Would the Bee Intelligentsia be “wrong” to think this way? Not exactly, for the core submission is true; human activity does raise some risk of catastrophe. The error would lie in over-weighting the risk. (Which is easy to do, especially when the risk in question is qualitatively terrifying; more on that below.) But if the Bee Intelligentsia understood pollination — if it were intelligent, let alone super-intelligent — it would be able to appreciate that bees offer humans a benefit that is not trivial to replace; indeed, it might even be able to predict (some version of) the present-day dynamic, namely, that far from undermining bee welfare, humans have an active incentive to enhance it.

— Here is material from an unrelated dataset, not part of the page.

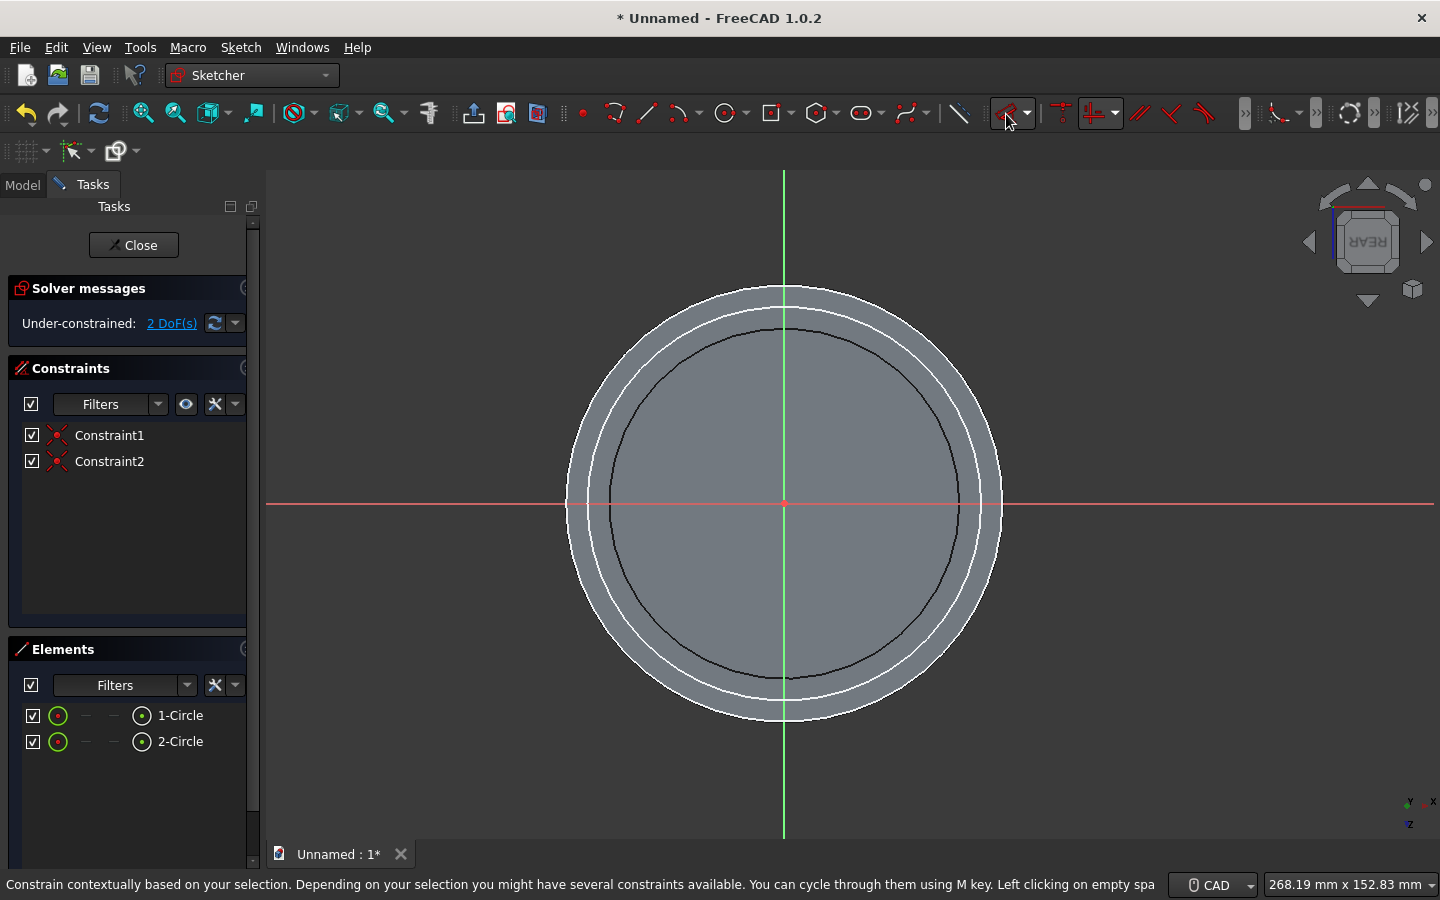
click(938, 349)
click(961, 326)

The same may be true of humans and AGI — with humans in the “bee” position. Depending on its goals, AGI may well conclude that humans are worth keeping around, or even worth nurturing, for the mutualist benefits they deliver. In fact, AGI might simply conclude that it’s possible humans will deliver mutualist benefits at some point, and this, alone, may be enough to inspire non-predation — as in the wolf-baboon example — or cultivation — as in the human-bee example — purely as a means of maintaining optionality. One assumption built into the “super-intelligence” problem, after all, is that AGI will be capable of developing causal theories about the world, presumably to a much greater extent, or at least far more quickly, than humans have. From this, it likely follows that AGI would have an enormous set of mutualist dynamics to consider (and to consider safeguarding as future possibilities) before electing to regard humans with hostility.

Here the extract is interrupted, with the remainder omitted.